First, you implement the minimal "jail" (not like chroot jails or FreeBSD jails, but seccomp or Capsicum per-process jails), and have the implementation use it. You then get your colleagues to review the jail implementation in your program.

Saturday, 6 December 2014

A Simple Mail Merge Application

My other half has just finished writing their first full-length novel. As such, they'd like to send it off to agents.

My first thought was OpenOffice Base. Have her enter the agent details into a table, and use OpenOffice Writer's mail merge facility. This however, did not work, since Writer's mail merge facility lacked the all-important attachments functionality.

If OpenOffice had this functionality, we'd have been up and running in about 15 minutes. I'm surprised it doesn't, it's the ultimate way to automate the job search, surely an unemployed programmer would've provided the functionality at some point...

But, leaving that by the way side, I wasn't about to give up on OpenOffice just yet. I know that OpenOffice Base's files are just cunningly zipped HSQL databases, with some metadata surrounding it.

So, I thought I'd unzip the OpenOffice Base file and have a small Java application read the HSQL database, put the results through the Velocity template engine and send off the email.

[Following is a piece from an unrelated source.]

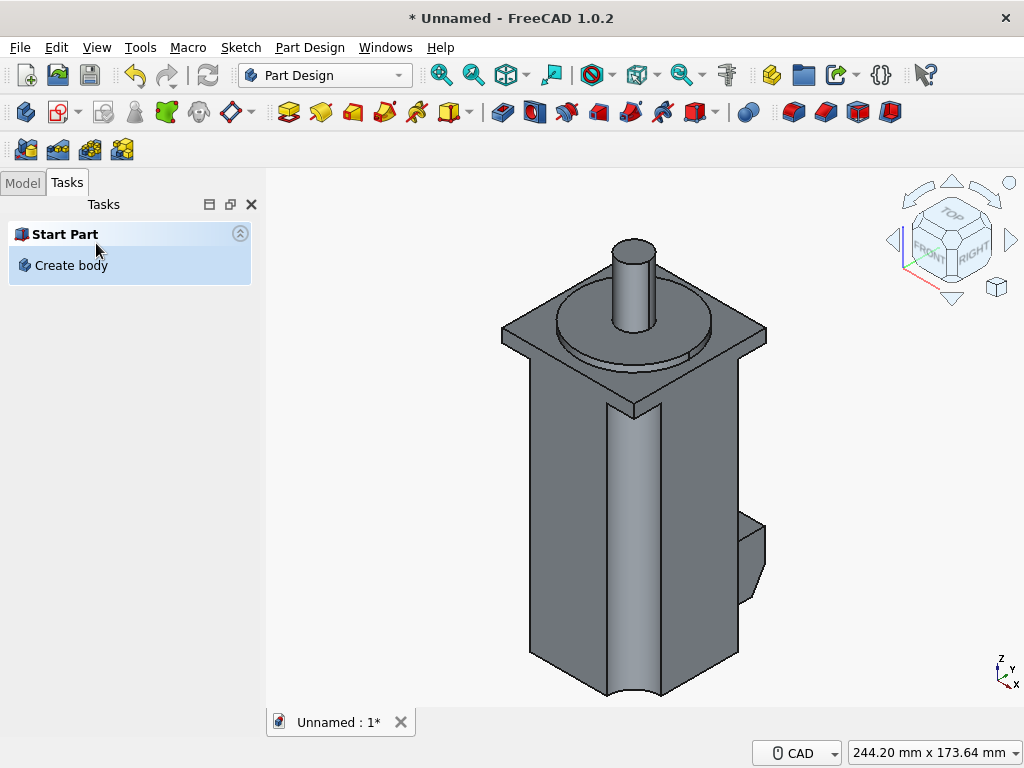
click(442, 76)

This would've involved sneaker-netting the ODB file back and forth between my machine and my partner's, but that seemed ok. They'd enter many agents in during the day, and I'd "send" them all over night. No biggy.

This was also a bust. Once my Java application with it's all-mighty HSQL JDBC jar had touched the database, it seemed to taint it. I think it bumped a version field in the database. This meant that OpenOffice Base refused to open it after even one round with my Java program.

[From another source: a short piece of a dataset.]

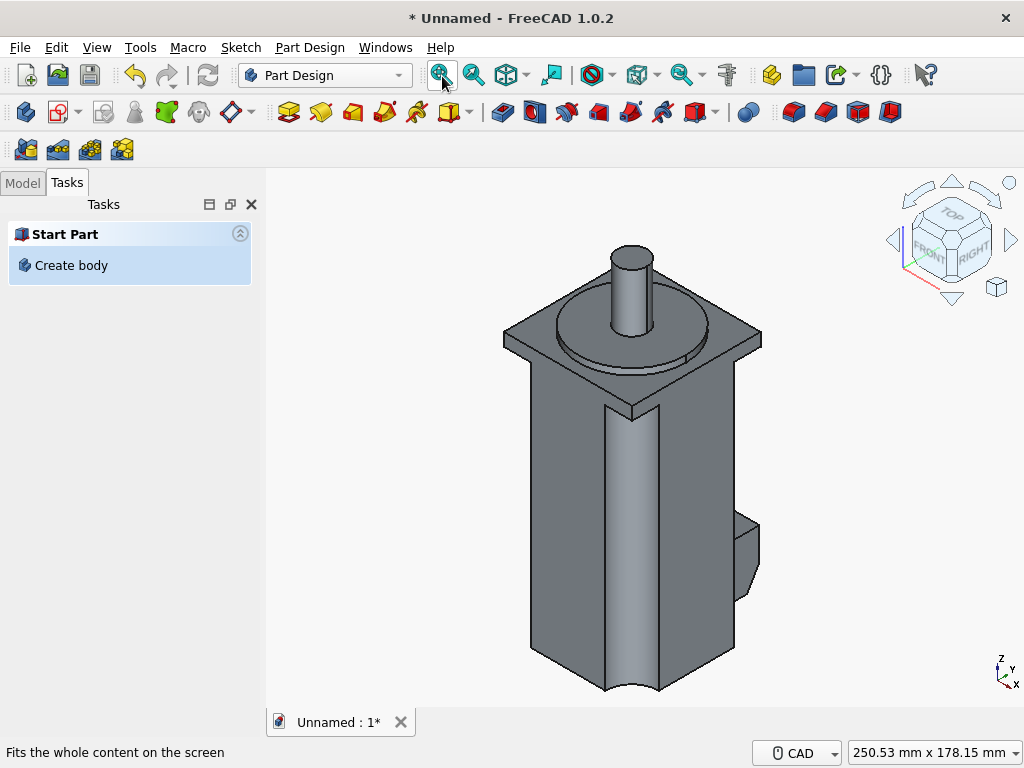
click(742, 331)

So, plan C. SQLite is an amazing embedded database. Far faster and nicer than HSQL -- it even comes with a neat little command line interface.

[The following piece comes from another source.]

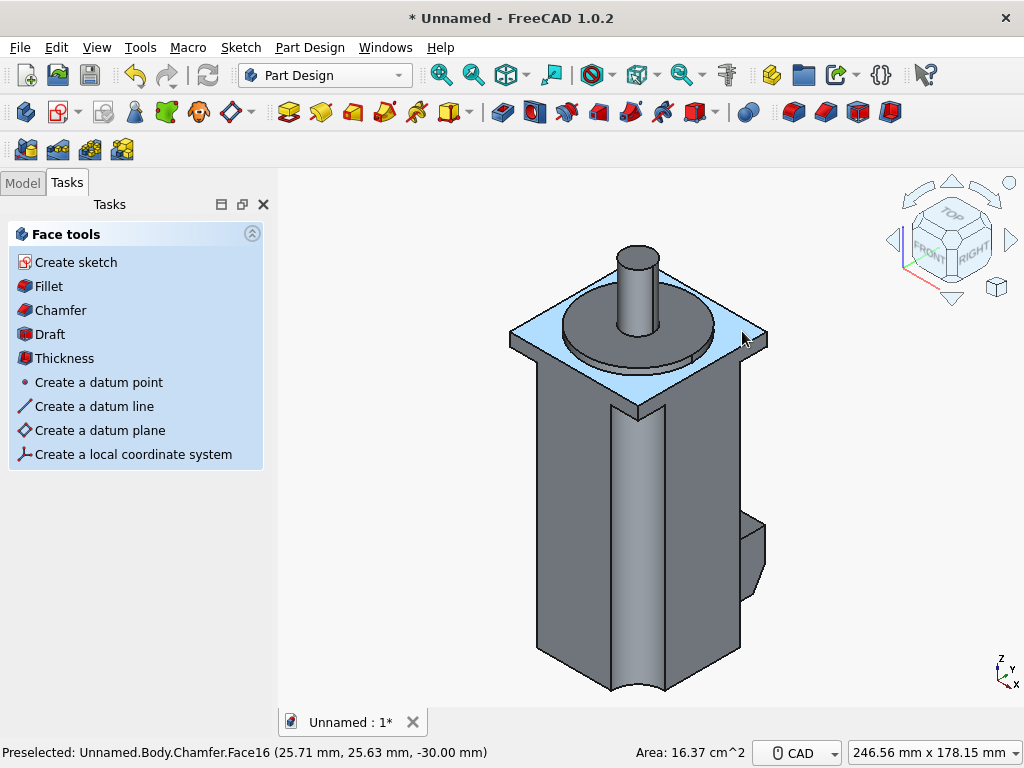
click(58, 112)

I set up some test data in an SQLite database and pointed my Java program at it. Success!

So then I told OpenOffice Base to look at the file, so my partner could enter some data. Failure! OpenOffice Base had an issue with (I think) the scrolling modes available. So that was right out, wouldn't even show the data in the OpenOffice interface. Sad times.

Plan D. Remember, you've always got to have at least 3 fall-back plans when developing software, otherwise nothing will ever work.

PostgreSQL to the rescue! I setup Postgres on my machine and opened a port for it. On my partner's machine, I tested that they could connect their OpenOffice Base to my Postgres. I then tested dropping some test data in the Postgres database and trying my Java program, configured to use Postgres... Success!!

Now all I need to do is figure out how to send MIME multi-part HTML emails correctly ... ugh.

Anyway, this has been a day or so worth of work on my part.  I suspect I'll have another half-day to get HTML emails working correctly, and then I'll be sorted. Hopefully it'll enable my partner to effectively reach a whole host of agents without writing out the same damn cover letter, attaching various PDFs, and DOC files, etc. over and over.

Once this is all wrapped up, I may open source it. I'll need to tidy the code, add tests and documentation, but it may be of use to someone.

The moral of the story is that HSQL is a difficult database to work with, SQLite is always awesome but somethings don't support it, and PostgreSQL is the best RDBMS since sliced bread.